Look for variant rs1126809 in each of the "var" files (these contain variant calls from WGS data).

<pre>
job = {}
for c in collections:
  if [] != filter(lambda f: re.search('^var-.*\.tsv\.bz2', f[1]), c['files']):
    job[c['uuid']] = arvados.service.jobs().create(body={
      'script': 'grep',
      'script_parameters': {'input': c['uuid'], 'pattern': "rs1126809\\b"},
      'script_version': 'e7aeb42'
    }).execute()
    print "%s %s" % (pgpid[c['uuid']], job[c['uuid']]['uuid'])

</pre>

&darr;

<pre>
hu43860C qr1hi-8i9sb-wyqq2eji4ehiwkq
huB1FD55 qr1hi-8i9sb-ep68uf0jkj3je7q
huDF04CC qr1hi-8i9sb-4ts4cvx6mbtcrsk
hu7A2F1D qr1hi-8i9sb-5lkiu9sh7vdgven
hu553620 qr1hi-8i9sb-nu4p6hjmziic022
huD09534 qr1hi-8i9sb-bt9389e9g3ff0m1
hu599905 qr1hi-8i9sb-ocg0i8r75luvke3
</pre>

Monitor job progress by refreshing the Jobs page in Workbench, or by using the API:

<pre>
map(lambda j: arvados.service.jobs().get(uuid=j['uuid']).execute()['success'], job.values())
</pre>

%(darr)&darr;%

<pre>
[True, True, True, True, True, True, True]
</pre>

(Unfinished jobs will appear as None, failed jobs as False, and completed jobs as True.)

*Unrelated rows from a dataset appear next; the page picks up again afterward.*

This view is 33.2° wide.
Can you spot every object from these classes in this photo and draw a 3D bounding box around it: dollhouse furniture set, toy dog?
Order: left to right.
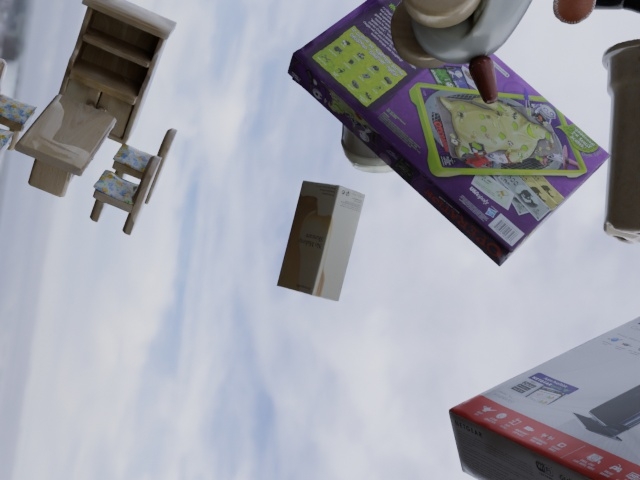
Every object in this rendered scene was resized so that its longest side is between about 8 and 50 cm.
[{"bbox_3d":[-0.261,-0.159,1.206,0.242,0.212,0.161,-79,-167,-60],"label":"dollhouse furniture set"},{"bbox_3d":[0.227,-0.263,1.104,0.334,0.220,0.161,-34,-100,19],"label":"toy dog"}]

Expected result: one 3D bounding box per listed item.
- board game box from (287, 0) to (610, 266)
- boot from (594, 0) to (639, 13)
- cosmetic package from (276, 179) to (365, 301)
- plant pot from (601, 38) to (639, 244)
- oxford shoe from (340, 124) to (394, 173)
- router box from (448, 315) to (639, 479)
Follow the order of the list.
[{"bbox_3d":[0.153,-0.152,1.285,0.208,0.347,0.056,-41,168,-24],"label":"board game box"},{"bbox_3d":[0.574,-0.545,2.016,0.094,0.207,0.246,-37,137,-62],"label":"boot"},{"bbox_3d":[0.000,0.000,1.098,0.060,0.041,0.115,10,-95,47],"label":"cosmetic package"},{"bbox_3d":[0.609,-0.138,1.785,0.334,0.334,0.305,178,-75,-73],"label":"plant pot"},{"bbox_3d":[0.104,-0.277,1.675,0.449,0.169,0.130,-80,164,-51],"label":"oxford shoe"},{"bbox_3d":[0.349,0.193,1.100,0.335,0.301,0.082,14,-57,61],"label":"router box"}]
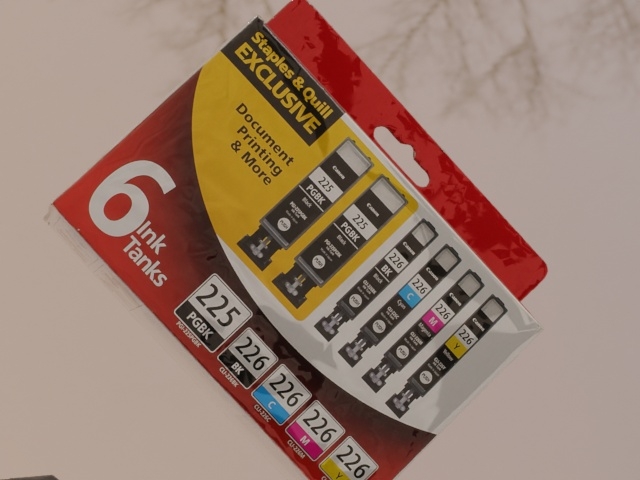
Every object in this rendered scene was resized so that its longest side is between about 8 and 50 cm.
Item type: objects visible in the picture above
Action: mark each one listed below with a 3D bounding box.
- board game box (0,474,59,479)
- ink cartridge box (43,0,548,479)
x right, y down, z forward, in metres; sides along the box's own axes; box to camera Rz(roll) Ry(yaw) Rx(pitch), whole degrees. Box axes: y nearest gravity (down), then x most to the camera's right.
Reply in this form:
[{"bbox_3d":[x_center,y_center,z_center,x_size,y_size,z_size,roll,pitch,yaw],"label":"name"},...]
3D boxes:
[{"bbox_3d":[-0.131,0.207,1.047,0.186,0.026,0.126,35,-174,19],"label":"board game box"},{"bbox_3d":[0.000,0.000,1.268,0.272,0.130,0.309,-44,-85,-12],"label":"ink cartridge box"}]
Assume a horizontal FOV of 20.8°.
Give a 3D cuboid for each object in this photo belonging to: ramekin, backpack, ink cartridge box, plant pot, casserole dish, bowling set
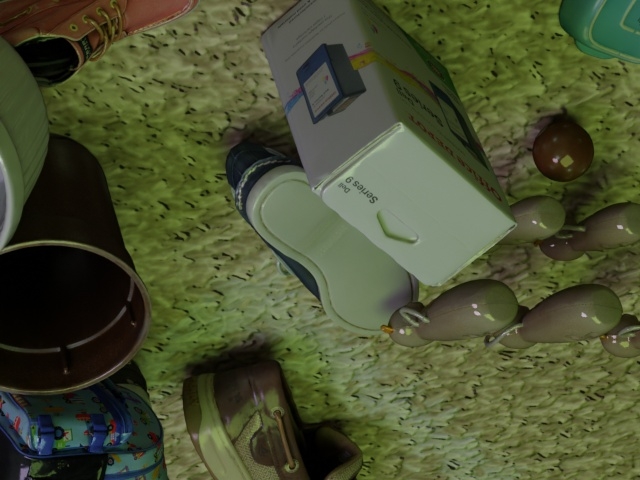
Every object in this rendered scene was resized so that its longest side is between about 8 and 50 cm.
[{"bbox_3d":[-0.299,-0.079,1.280,0.207,0.109,0.207,10,128,13],"label":"ramekin"},{"bbox_3d":[-0.208,0.168,1.486,0.173,0.158,0.116,2,115,-34],"label":"backpack"},{"bbox_3d":[0.051,-0.088,1.365,0.093,0.212,0.154,-38,128,19],"label":"ink cartridge box"},{"bbox_3d":[-0.229,0.009,1.415,0.167,0.165,0.167,-7,133,-8],"label":"plant pot"},{"bbox_3d":[0.276,-0.215,1.427,0.114,0.037,0.188,15,127,-24],"label":"casserole dish"},{"bbox_3d":[0.205,0.006,1.557,0.287,0.199,0.154,10,165,-28],"label":"bowling set"}]

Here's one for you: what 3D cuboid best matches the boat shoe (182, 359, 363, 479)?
[{"bbox_3d":[-0.012,0.239,1.709,0.123,0.123,0.342,-23,126,9],"label":"boat shoe"}]

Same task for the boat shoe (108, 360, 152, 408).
[{"bbox_3d":[-0.270,0.144,1.589,0.228,0.068,0.081,2,125,-16],"label":"boat shoe"}]

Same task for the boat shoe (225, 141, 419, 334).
[{"bbox_3d":[0.000,0.000,1.519,0.095,0.079,0.254,-46,136,6],"label":"boat shoe"}]

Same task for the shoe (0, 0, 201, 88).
[{"bbox_3d":[-0.173,-0.162,1.332,0.178,0.081,0.063,-11,133,-4],"label":"shoe"}]

After the jobs have completed, check output file sizes.

<pre>
for collection_uuid in job:
  job_uuid = job[collection_uuid]['uuid']
  job_output = arvados.service.jobs().get(uuid=job_uuid).execute()['output']
  output_files = arvados.service.collections().get(uuid=job_output).execute()['files']
  print "%s %3d %s" % (pgpid[collection_uuid], output_files[0][2], job_output)

</pre>

%(darr)&darr;%

<pre>
hu599905  80 5644238bfb2a1925d423f2c264819cfb+75+K@qr1hi
huD09534  80 f98f92573cf521333607910d320cc33b+75+K@qr1hi
huB1FD55   0 c10e07d8d90b51ee7f3b0a5855dc77c3+65+K@qr1hi
hu7A2F1D  80 922c4ce8d3dab3268edf8b9312cc63d4+75+K@qr1hi
hu553620   0 66da988f45a7ee16b6058fcbe9859d69+65+K@qr1hi
huDF04CC  80 bbe919451a437dde236a561d4e469ad2+75+K@qr1hi
hu43860C   0 45797e38410de9b9ddef2f4f0ec41a93+76+K@qr1hi
</pre>

Thus, of the 7 WGS results available for PGP participants reporting non-melanoma skin cancer, 4 include the rs1126809 / TYR-R402Q variant.